4 - Recurrence

Summary

The sum total of the energy in the universe is determinate, it is not infinite. Consequently the number of positions, changes, combinations of this energy, although tremendously large and practically “innnumerable”, is nevertheless determinate and not infinite. But time, in which the universe exercises its energy, is infinite … Consequently the development at this moment must be a repetition, so too that which it produces and that from which it arises, and so forwards and backwards … the total arrangement of all forms of energy ever recurs.

Friedrich Nietzsche (1844–1900)

Introduction: random systems and recurrence

Imagine an experiment where an unbiased coin is tossed at random over and over again. Then, recurrence in this process is illustrated by the fact that, sooner or later, we expect to get the outcome “heads”. What is more, if we continue tossing, sooner or later we expect to get the result “heads” again—the outcome “heads” will then have recurred.

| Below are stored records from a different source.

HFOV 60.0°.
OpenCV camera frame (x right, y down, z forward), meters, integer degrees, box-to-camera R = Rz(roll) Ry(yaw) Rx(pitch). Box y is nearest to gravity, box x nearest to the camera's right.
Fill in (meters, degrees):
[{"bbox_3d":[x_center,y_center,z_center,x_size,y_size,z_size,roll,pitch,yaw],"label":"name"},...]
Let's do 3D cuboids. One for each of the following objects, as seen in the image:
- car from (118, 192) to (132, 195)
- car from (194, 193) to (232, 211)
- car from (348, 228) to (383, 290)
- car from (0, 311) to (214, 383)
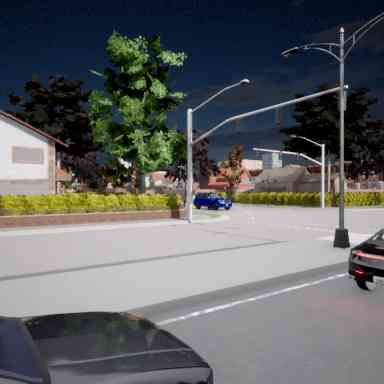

More generally, imagine a process developing over time. One state of the process may be observed and then, at a later time, the same state, or one close to it, may be observed again. We might say that the original state of the process has recurred or has recurred in some approximate sense. Such recurrence phenomena are common in nature. For example, the seasons recur at fixed times of the year, the sun rises once every twenty four hours and many astronomical phenomena recur in a like manner.